Avant le départ : que faut-il faire ?

Avant de quitter la fonction publique, tout individu, quel que soit son niveau hiérarchique étatique, ne doit pas imaginer que le monde privé l’attend et qu’il fera la "révolution" en arrivant dans ce nouveau monde. En tout premier, il faut oublier immédiatement cette espérance ou cette croyance car le monde d’après ne sera pas le celui d’avant. Il est indispensable d’apprendre à "descendre l’échelle" pour envisager pouvoir la remonter, si possible, dans une seconde phase ! 

Personne ne doit croire que les salaires dans le privé sont aussi importants que ceux auxquels on rêve ! Sauf pour quelques profils bien particuliers, il faudra envisager une rémunération qui comblera le manque à gagner entre la pension de retraite et le dernier salaire étatique, incluant les indemnités. Un bilan comptable est indispensable afin de savoir avec quoi on quitte financièrement l’administration, sans oublier d’y intégrer tous les critères de calculs (états de services, bonifications, éligibilité à la retraite, primes de départ, etc.). 

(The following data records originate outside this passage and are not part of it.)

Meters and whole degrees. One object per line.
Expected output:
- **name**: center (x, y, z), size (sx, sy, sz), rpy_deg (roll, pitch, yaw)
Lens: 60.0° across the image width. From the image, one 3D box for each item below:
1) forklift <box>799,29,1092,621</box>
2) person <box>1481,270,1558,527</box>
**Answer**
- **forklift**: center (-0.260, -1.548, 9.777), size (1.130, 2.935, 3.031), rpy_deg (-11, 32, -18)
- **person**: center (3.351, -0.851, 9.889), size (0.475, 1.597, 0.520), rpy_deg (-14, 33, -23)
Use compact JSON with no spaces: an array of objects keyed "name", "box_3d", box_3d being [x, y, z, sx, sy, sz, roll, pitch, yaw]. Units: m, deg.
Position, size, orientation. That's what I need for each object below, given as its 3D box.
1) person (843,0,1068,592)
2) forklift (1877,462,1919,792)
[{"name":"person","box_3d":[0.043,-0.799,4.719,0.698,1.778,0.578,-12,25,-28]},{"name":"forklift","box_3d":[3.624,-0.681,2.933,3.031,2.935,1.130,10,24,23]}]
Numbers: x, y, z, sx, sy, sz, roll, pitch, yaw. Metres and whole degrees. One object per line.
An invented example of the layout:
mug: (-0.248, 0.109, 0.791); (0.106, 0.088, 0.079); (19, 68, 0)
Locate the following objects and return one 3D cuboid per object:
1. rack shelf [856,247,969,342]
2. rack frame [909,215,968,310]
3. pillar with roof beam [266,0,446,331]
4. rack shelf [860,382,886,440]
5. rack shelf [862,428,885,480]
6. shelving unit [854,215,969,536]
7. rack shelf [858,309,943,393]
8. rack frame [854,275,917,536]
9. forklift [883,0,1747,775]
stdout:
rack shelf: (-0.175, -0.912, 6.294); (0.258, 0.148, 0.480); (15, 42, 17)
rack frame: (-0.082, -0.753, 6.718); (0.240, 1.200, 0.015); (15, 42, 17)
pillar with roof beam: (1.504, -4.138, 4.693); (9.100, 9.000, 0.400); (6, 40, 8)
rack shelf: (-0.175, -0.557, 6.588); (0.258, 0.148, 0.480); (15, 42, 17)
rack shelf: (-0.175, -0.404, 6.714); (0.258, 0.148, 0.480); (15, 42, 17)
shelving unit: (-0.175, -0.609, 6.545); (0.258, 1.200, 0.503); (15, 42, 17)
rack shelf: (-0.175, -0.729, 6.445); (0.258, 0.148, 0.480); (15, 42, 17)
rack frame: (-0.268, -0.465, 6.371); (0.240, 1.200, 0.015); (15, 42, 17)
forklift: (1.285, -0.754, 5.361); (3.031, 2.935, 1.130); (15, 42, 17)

La première réflexion, qui vient à l’esprit, est de savoir si on est capable de vivre dans un monde privé qui se caractérise par la recherche permanente du profit financier, l’existence des hiérarchies de management hyper floues et fluctuantes et la considération aléatoire de l’humain. 

Le plus délicat reste de choisir la voie à explorer pour trouver un job dans lequel on pourra s’épanouir pour une durée de carrière privée, allant de quelques années à plusieurs dizaines d’années. Cette carrière sera-t-elle une deuxième carrière ou une prolongation de la vie professionnelle sous une autre forme ?  

À qui ou vers quels organismes peut-on s’adresser ? À des amis anciens du public qui ont rejoint le monde du privé ? À des organismes spécialisés ? À des chasseurs de têtes ? À des sociétés avec lesquelles on a travaillé en tant fonctionnaire/militaire ? À des structures totalement inconnues mais qui font rêver ? L’obligation est de ne rien négliger car toutes les portes sont à exploiter !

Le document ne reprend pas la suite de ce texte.